We determined the variation in species composition (beta diversity) within each plot (or in the case of heterogeneous soil treatments, within each type of soil patch). We first calculated a Bray-Curtis dissimilarity matrix based on square-root transformed aboveground biomass data. Then, we computed the mean pairwise Bray-Curtis dissimilarity between each pair of patches within each plot (or in the case of heterogeneous soil treatments, within each type of soil patch) for each sampling year. These mean pairwise dissimilarities were used as the variation in species composition (beta diversity) within each plot (or in the case of heterogeneous soil treatments, within each type of soil patch).
We first tested the soil heterogeneity effects on plant community responses. Effects of soil heterogeneity in nutrients and pH were tested separately because their soil composition was initially different. We used a linear mixed-effects model to test the effects of soil heterogeneity treatment (homogeneous vs. small patch vs. large patch), time (2015 vs. 2016 vs. 2017), and their interaction on both plot-scale and patch-scale species richness and diversity, as well as mean Bray-Curtis dissimilarity among patches. As we sampled the same experimental plot during three consecutive years, plot was included as a random factor to account for the repeated measurements. Post-hoc comparisons among levels of the soil heterogeneity treatment were tested using planned contrasts across all three years, as well as for each year separately (Wubs and Bezemer 2016).

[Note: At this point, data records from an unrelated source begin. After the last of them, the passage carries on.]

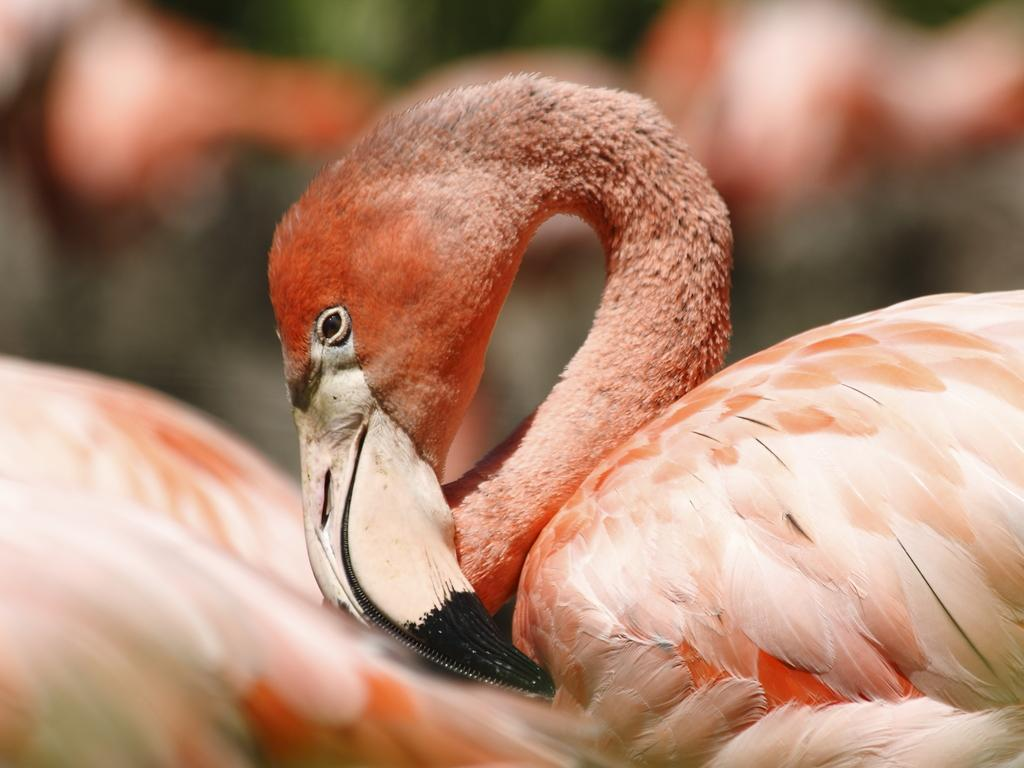What is the main subject of the image? The main subject of the image is a bird. Where is the bird located in the image? The bird is in the middle of the image. Can you describe the background of the image? The background of the image is blurred. What type of tax does the bird have to pay in the image? There is no reference to taxes or any financial transactions in the image, so it's not possible to determine what type of tax the bird might have to pay. 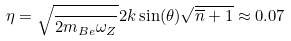Convert formula to latex. <formula><loc_0><loc_0><loc_500><loc_500>\eta = \sqrt { \frac { } { 2 m _ { B e } \omega _ { Z } } } 2 k \sin ( \theta ) \sqrt { \overline { n } + 1 } \approx 0 . 0 7</formula> 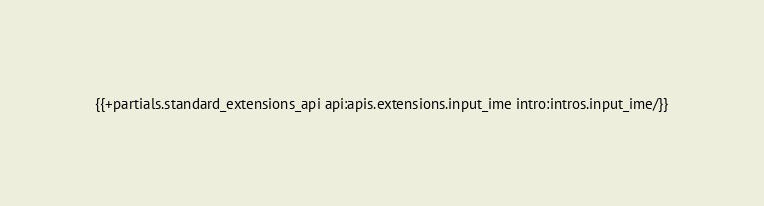Convert code to text. <code><loc_0><loc_0><loc_500><loc_500><_HTML_>{{+partials.standard_extensions_api api:apis.extensions.input_ime intro:intros.input_ime/}}
</code> 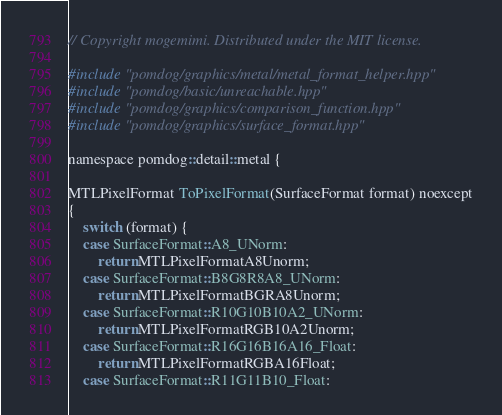<code> <loc_0><loc_0><loc_500><loc_500><_ObjectiveC_>// Copyright mogemimi. Distributed under the MIT license.

#include "pomdog/graphics/metal/metal_format_helper.hpp"
#include "pomdog/basic/unreachable.hpp"
#include "pomdog/graphics/comparison_function.hpp"
#include "pomdog/graphics/surface_format.hpp"

namespace pomdog::detail::metal {

MTLPixelFormat ToPixelFormat(SurfaceFormat format) noexcept
{
    switch (format) {
    case SurfaceFormat::A8_UNorm:
        return MTLPixelFormatA8Unorm;
    case SurfaceFormat::B8G8R8A8_UNorm:
        return MTLPixelFormatBGRA8Unorm;
    case SurfaceFormat::R10G10B10A2_UNorm:
        return MTLPixelFormatRGB10A2Unorm;
    case SurfaceFormat::R16G16B16A16_Float:
        return MTLPixelFormatRGBA16Float;
    case SurfaceFormat::R11G11B10_Float:</code>

We used unconstrained, principal component analysis (PCA) to explore plot-scale and patch-scale plant community composition under different soil heterogeneity treatments. We further performed constrained redundancy analysis (RDA) to determine whether variation in patterns of the plot-scale and patch-scale plant composition could be explained by time and differences among the three soil heterogeneity treatments. In the RDA, year and soil heterogeneity treatment were used as explanatory variables. Significance was based on a permutation test (499 permutations) using a split-plot design. We took the three recordings of each treatment as “Whole plots” and the recordings as “Split plots” according to Canoco terminology. Split-plots were permutated within the whole plots, while the whole plots were not permuted (Lepš and Šmilauer 2003).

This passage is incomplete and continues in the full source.